I built a simple custom parser to test this out, following the guide.

def parse_dummy(file):
fpath = pathlib.Path(file)
info = {}

try:
    # Just extracting metadata from the filename in this case. Same errors
    # occur when including loading into a dataset.
    variable, temporal_resolution, model, scenario = fpath.stem.split('_')
    info = {
            'variable': variable,
            'temporal': temporal_resolution,
            'source': model,
            'path': str(file),
        }

    return info

except Exception:
    return {INVALID_ASSET: file, TRACEBACK: traceback.format_exc()}

I tested this on a simple file and it was successful

parse_dummy(files[0])
{'variable': 'pr',
'temporal': 'daily',
'source': 'EC-Earth3',
'path': './data/pr_daily_EC-Earth3_historical.nc'}

Now I make a builder object.
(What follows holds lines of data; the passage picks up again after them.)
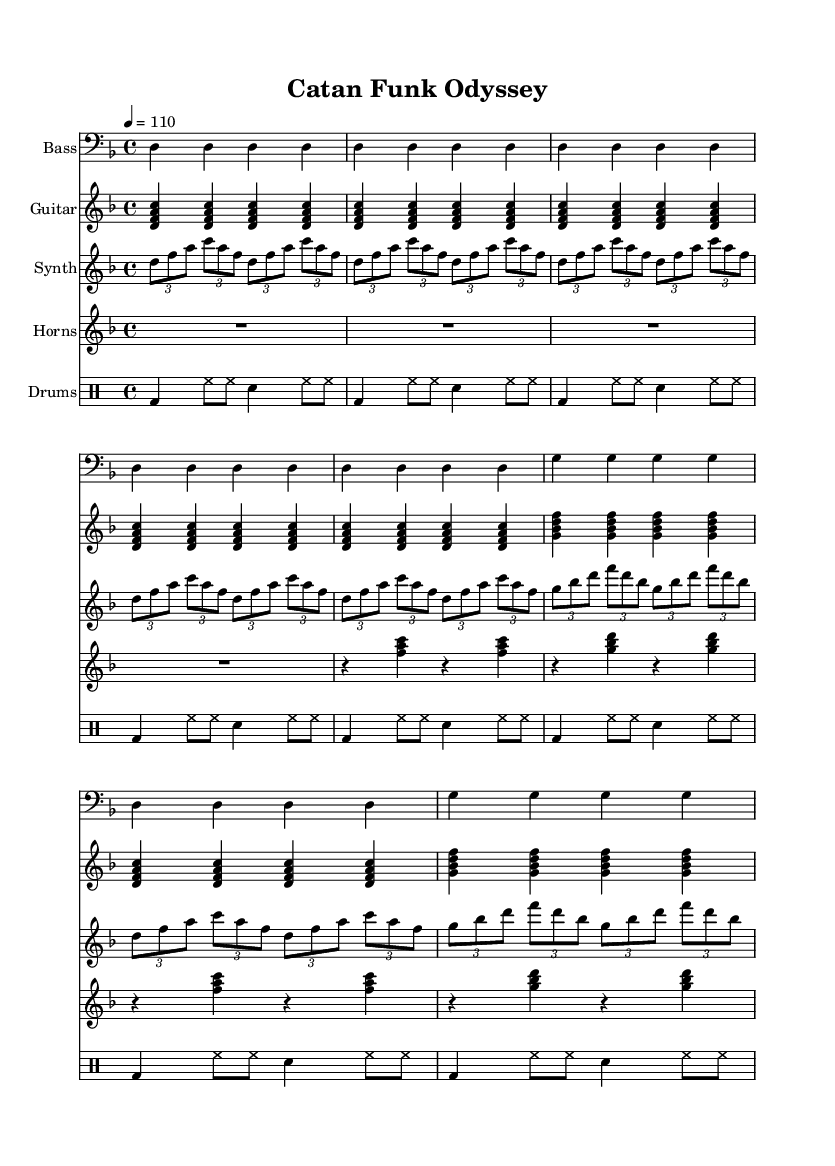What is the key signature of this music? The key signature is indicated by the sharps or flats at the beginning of the staff. In this case, it shows two flats, which correspond to D minor.
Answer: D minor What is the time signature of this sheet music? The time signature is found at the beginning and indicates how many beats are in a measure. Here, it shows 4/4, meaning there are four beats per measure.
Answer: 4/4 What is the tempo marking of this piece? The tempo marking is given in beats per minute at the start of the score. It states "4 = 110," meaning there are 110 beats per minute.
Answer: 110 How many measures does the bass line repeat before changing? By counting the repeated sections in the bass line, we see that it repeats for a total of 6 measures before a change occurs. The pattern clearly shows 4 measures initially and 2 measures of a different section.
Answer: 6 What instrument has the highest range in the score? We assess each instrument's clefs and their relative pitch. The synth and guitar parts are compared, and since the guitar is written in treble clef and plays higher notes, it is determined that the electric guitar has the highest range.
Answer: Guitar What kind of rhythm do the drum patterns follow? The drum patterns indicate a combination of whole, half, and eighth notes, with a regular kick and snare rhythm. This signature pattern reflects a funk style, characterized by syncopated and repeated rhythms.
Answer: Funk pattern What type of musical sections are featured in the synth arpeggio? Analyzing the synth arpeggio, it utilizes tuplets (specifically triplets), creating a distinct rhythmic feel typical in funk music, which balances between rhythmically driven melody and harmony.
Answer: Triplet sections

The object successfully returns the expected list of files.

# Tried the pathlib object here following the demo but got an error that pydantic
# wanted strings only.
cat_builder = Builder(files)
>>> Builder(paths=['data/pr_daily_EC-Earth3_historical.nc', 'data/tasmax_daily_EC-Earth3_historical.nc', 'data/tas_daily_EC-Earth3_historical.nc'], storage_options={}, depth=0, exclude_patterns=[], include_patterns=[], joblib_parallel_kwargs={})

Build the catalog with the parse script.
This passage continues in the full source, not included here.